On this page

LTX-2 Video Generation Prompt Engineering: From 36-Scene Horror to Cinematic Continuity Pipelines

Structured prompt specifications for LTX-2 video generation. Covers the 36-scene horror scenario template with mandatory dialogue, cinematic shot design principles, and multi-scene visual continuity control for production pipelines.

These articles use AI-generated summaries of Obsidian notes originally kept as technical memos.

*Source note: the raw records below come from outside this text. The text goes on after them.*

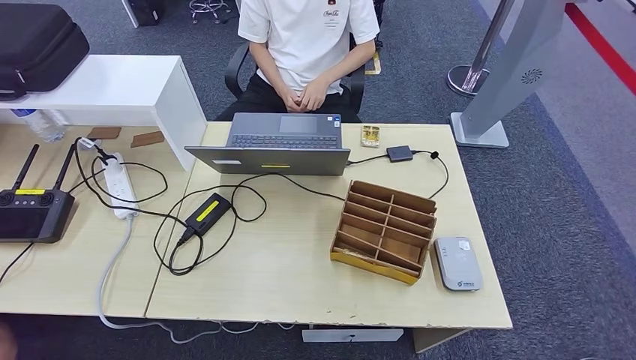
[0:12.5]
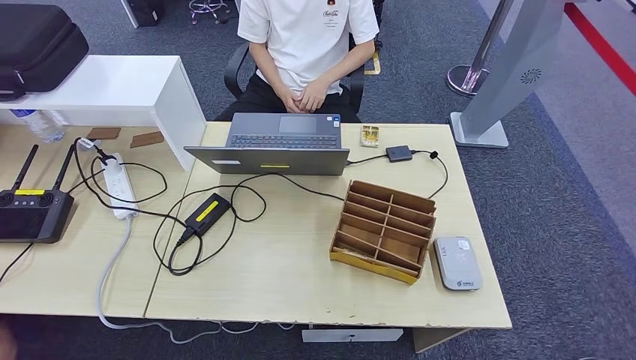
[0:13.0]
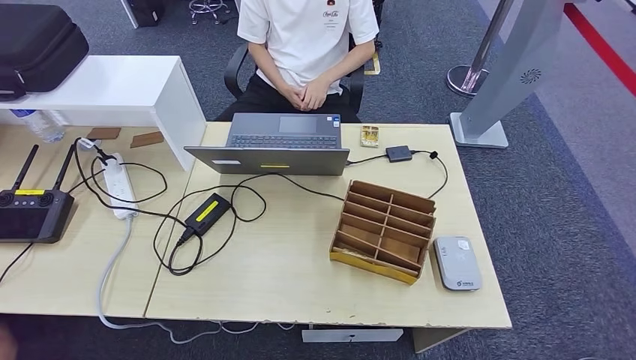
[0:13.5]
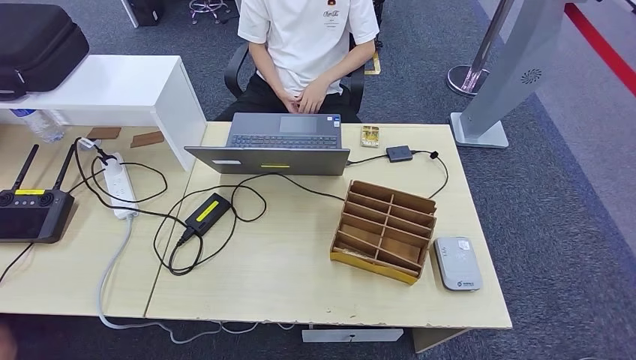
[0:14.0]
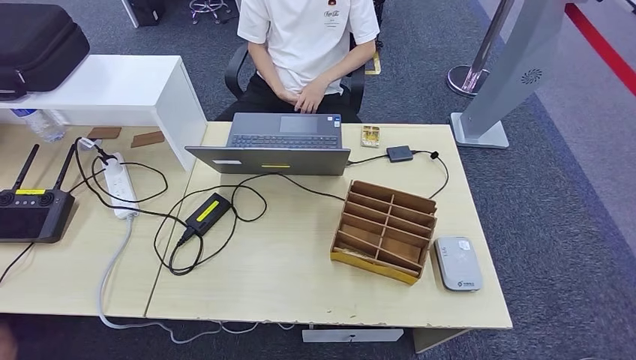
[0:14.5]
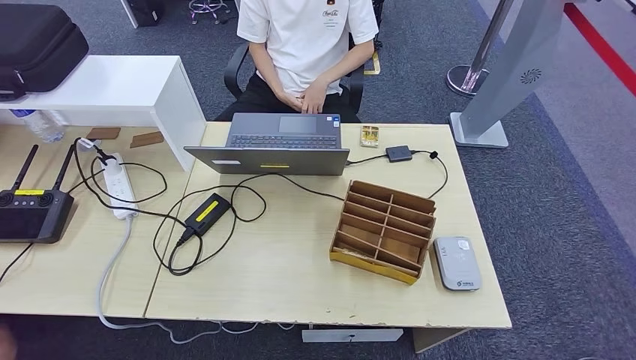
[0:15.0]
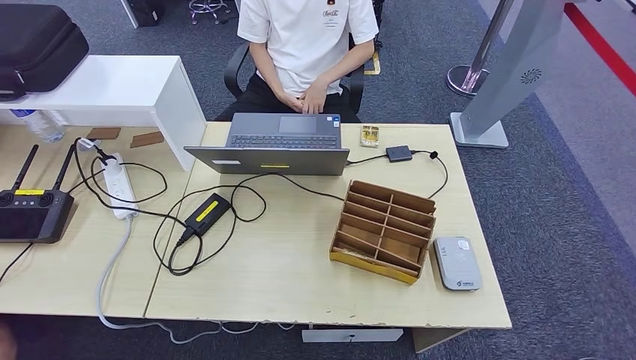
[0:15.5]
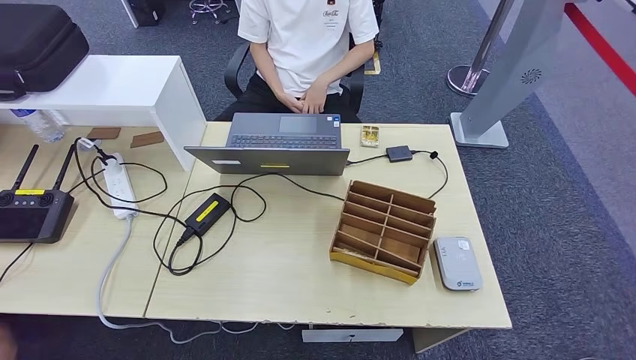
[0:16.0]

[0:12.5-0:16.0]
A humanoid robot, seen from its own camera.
Step, 0:12.5 to 0:16.0: Hand the room key to the person.

English translations are produced with AI assistance.

Summary

When producing watchable video from LTX-2, prompt structuring is key. Generating a single pretty shot and chaining 36 scenes into a coherent story require fundamentally different engineering. This article consolidates three specifications refined through production use:

36-scene horror scenario generation template — system prompt for LLM-driven scenario writing
Cinematic prompt design principles — structure for maximizing individual shot quality
Multi-scene continuity control — pipeline design for preventing inter-clip visual breakage

Prerequisites

Video generation engine: LTX-2 (5-second clip generation)
Resolution: 3840x2160 (4K), 24fps
Scenario generation: Local LLM (Mixtral, etc.) generating STORY→SCENES→LTX2_PROMPTS in one pass
Pipeline: Per-scene generation → ffmpeg concatenation → audio composited downstream

1. 36-Scene Horror Scenario Generation Template

Design Intent

When experimenting with Monstral-123B (NVFP4 quantization) for horror scenario generation, we encountered critical instabilities:

Scene counts varied between 20–50; achieving a fixed 36-scene structure was impossible
Narrative structure collapsed; act structure (setup/escalation/resolution) became unclear
Dialogue disappeared midway; mute scenes proliferated
Endings became ambiguous or devolved into abrupt “it was all a dream” tropes

These weren’t LLM performance failures — they stemmed from the absence of explicit output format constraints. By designing a system prompt that rigorously constrains output schema and rules, we enabled mid-size models to reliably generate stable 36-scene horror narratives.

Output Schema (Fixed)

LLM output is restricted to exactly these 5 sections. No extra commentary.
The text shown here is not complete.